P. Pelo que se depreende de suas palavras, o Sr. admite o acesso desse título (que encerra direito meramente obrigacional) tão-só pelo valor que a publicidade registral agrega à operação. Vê-se que, por uma necessidade social, a idéia de taxatividade dos fatos inscritíveis fica assim flexibilizada, já que se admite o ingresso de cessões de quaisquer créditos imobiliários...
R. Mas para o caso há expressa previsão legal. O dispositivo trata de requisito essencial no processo de securitização para segurança do mercado investidor, pois é pela publicidade do registro que a securitizadora exibirá sua titularidade sobre o crédito que pretende securitizar. A Lei fala em registro, em sentido lato. Depois, esse registro da cessão feito na matrícula do imóvel assegura a prioridade, evitando duplicidade de cessão do mesmo crédito imobiliário ou, mesmo, a constituição de outras garantias sobre esse crédito, tais como a cessão fiduciária ou a caução.
P. Mas o registro de que fala a Lei é no Registro de Imóveis ou no Cartório de Registro de Títulos e documentos?
R. Nesse passo, importa voltar a atenção para esses dois direitos reais regulamentados pela própria Lei 9.514/97, quais sejam, o direito real decorrente da cessão fiduciária de direitos creditórios e o direito real de caução de direitos creditórios também oriundos de promessas de venda de imóveis; se se pensasse em créditos representados unicamente por títulos (notas promissórias, por exemplo), a cessão fiduciária ou a caução poderia operar-se mediante endosso e tradição dos títulos; entretanto, na medida em que o instrumento representativo desses créditos seja o instrumento de promessa de compra e venda, e apenas esse instrumento, a investidura do credor-cessionário na titularidade dos créditos não decorrerá da tradição de notas promissórias, mas, sim, do instrumento contratual da cessão, e a visibilidade dessa cessão para o público em geral só se tornará possível mediante registro do respectivo instrumento, seja em Registro de Títulos e Documentos, seja no Registro de Imóveis competente. Entendo, todavia, em interpretação sistemática do artigo 8 da Lei 9514/97, que o cartório competente seja o de Registro de Imóveis, pois há a referência a requisitos claramente implicados (indicação do cartório em que registrado o imóvel, respectiva matrícula, "bem como o número do registro do ato pelo qual o crédito foi cedido"). Parece-me lógico que o registro desses novos direitos reais (a cessão fiduciária e a caução de direitos creditórios decorrentes da venda de imóveis) seja efetivado na matrícula do imóvel a que esteja vinculado o crédito, no Registro de Imóveis competente, não obstante o crédito decorrente de promessa de venda não tenha natureza de direito real; independente dessa circunstância, o registro é recomendável como forma de assegurar ao credor-cessionário a prioridade sobre tais direitos, e pela mesma razão, tomando-se como referência a cessão fiduciária e a caução referida nos artigos 17 a 21 da lei 9514/97, parece lógico que a cessão plena do crédito seja objeto de registro também na matrícula do imóvel a que esteja vinculado o crédito.
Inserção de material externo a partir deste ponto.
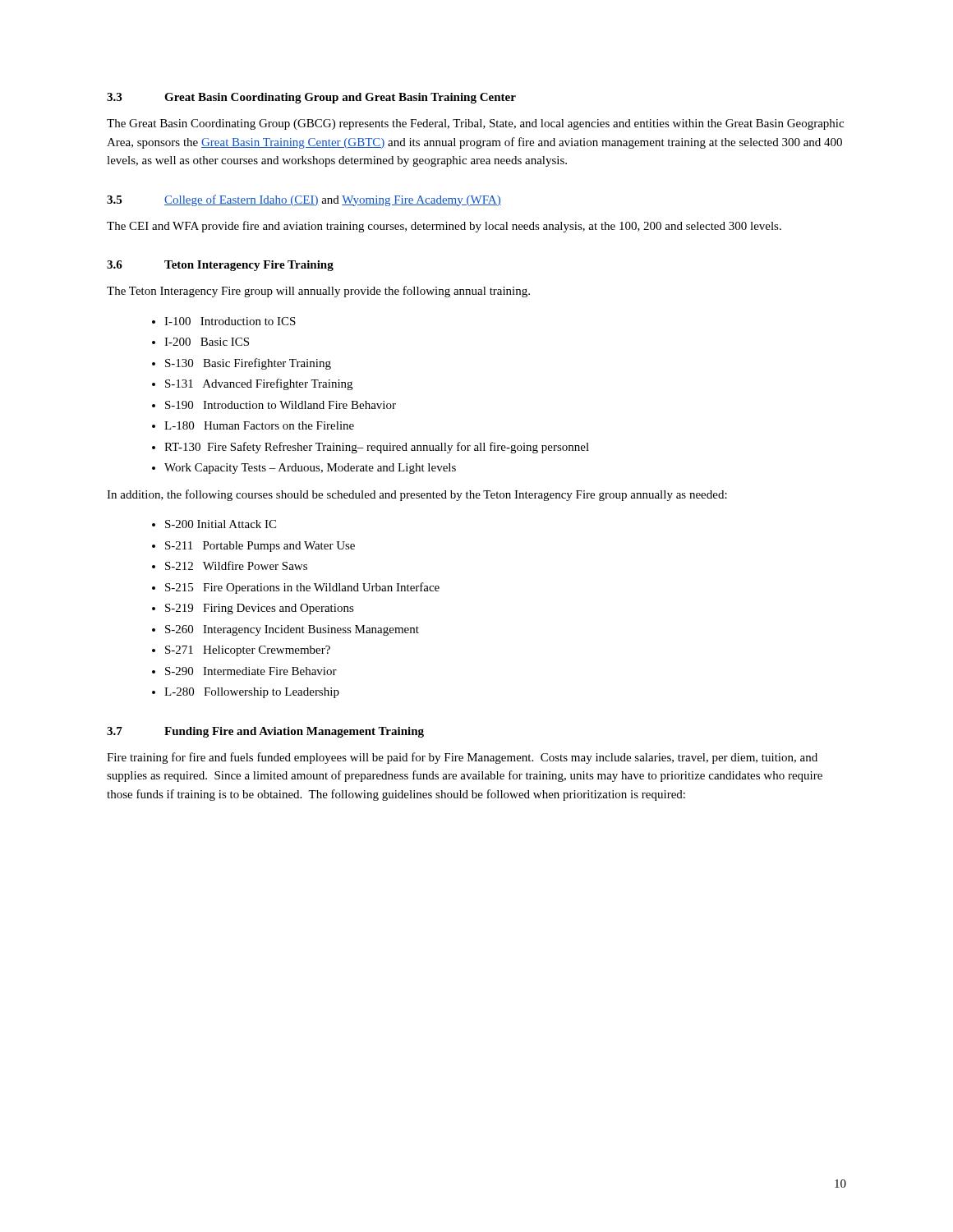The height and width of the screenshot is (1232, 953).
Task: Click on the section header containing "3.3 Great Basin Coordinating Group and"
Action: 311,97

P. Em face das garantias criadas pela própria Lei 9514/97, seria interessante exercitar um raciocínio prospectivo. Seria possível, por exemplo, a utilização da alienação fiduciária dos imóveis que foram compromissados à venda?
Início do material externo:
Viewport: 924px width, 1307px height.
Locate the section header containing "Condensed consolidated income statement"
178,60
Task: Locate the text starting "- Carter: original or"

R. Vamos tomar como exemplo um típico compromisso de compra e venda em incorporações imobiliárias. Nesse caso, a incorporadora terá cedido créditos vinculados a promessas de compra e venda; a alienação fiduciária, então, teria como objeto o mesmo imóvel que a incorporadora tiver prometido vender; assim, a incorporadora cederia seus direitos creditórios decorrentes da promessa de compra e venda à securitizadora e a ela transmitiria a propriedade fiduciária do imóvel prometido vender. Poder-se-ia imaginar que, de acordo com a estrutura do contrato de promessa de compra e venda, sendo certo que a incorporadora conserva para si o domínio, poderia ela dispor desse domínio, desde que ressalve que ele está onerado pela obrigação que a incorporadora tem perante o adquirente e, também, está limitado pelo direito real que vincula o imóvel ao adquirente. Entretanto, na hipótese considerada, a idéia é legalmente inadmissível, ainda que ressalvada a oneração da promessa, por causa da estrutura legal peculiar da alienação fiduciária. Com efeito, pelo contrato de promessa de compra e venda o promitente vendedor conserva o domínio sobre o imóvel, transmitindo ao adquirente o direito de adquirir e, bem assim, a posse sobre o imóvel. Pelo contrato de alienação fiduciária, o fiduciante é também investido na posse do imóvel, tal como dispõe o parágrafo único do art. 23 da Lei n° 9.514/97.Ora, no caso em questão, o que se imaginaria é que a incorporadora, que é a promitente vendedora, pudesse contratar a alienação fiduciária com a securitizadora, para garantir créditos que viessem a desaparecer por desfazimento de promessas; por esse contrato, a promitente vendedora (incorporadora) seria a fiduciante, enquanto que a securitizadora seria a fiduciária; pela estrutura da alienação fiduciária, o fiduciante fica com a posse direta e o fiduciário fica com a posse indireta. É que, ao firmar o contrato de promessa de compra e venda, a incorporadora já terá transmitido a posse direta do imóvel ao adquirente, não havendo possibilidade de se promover o desdobramento da posse em posse direta e posse indireta, para que ela, incorporadora, alienando o imóvel fiduciariamente à securitizadora, fique com a posse direta e transmita à referida securitizadora a posse indireta.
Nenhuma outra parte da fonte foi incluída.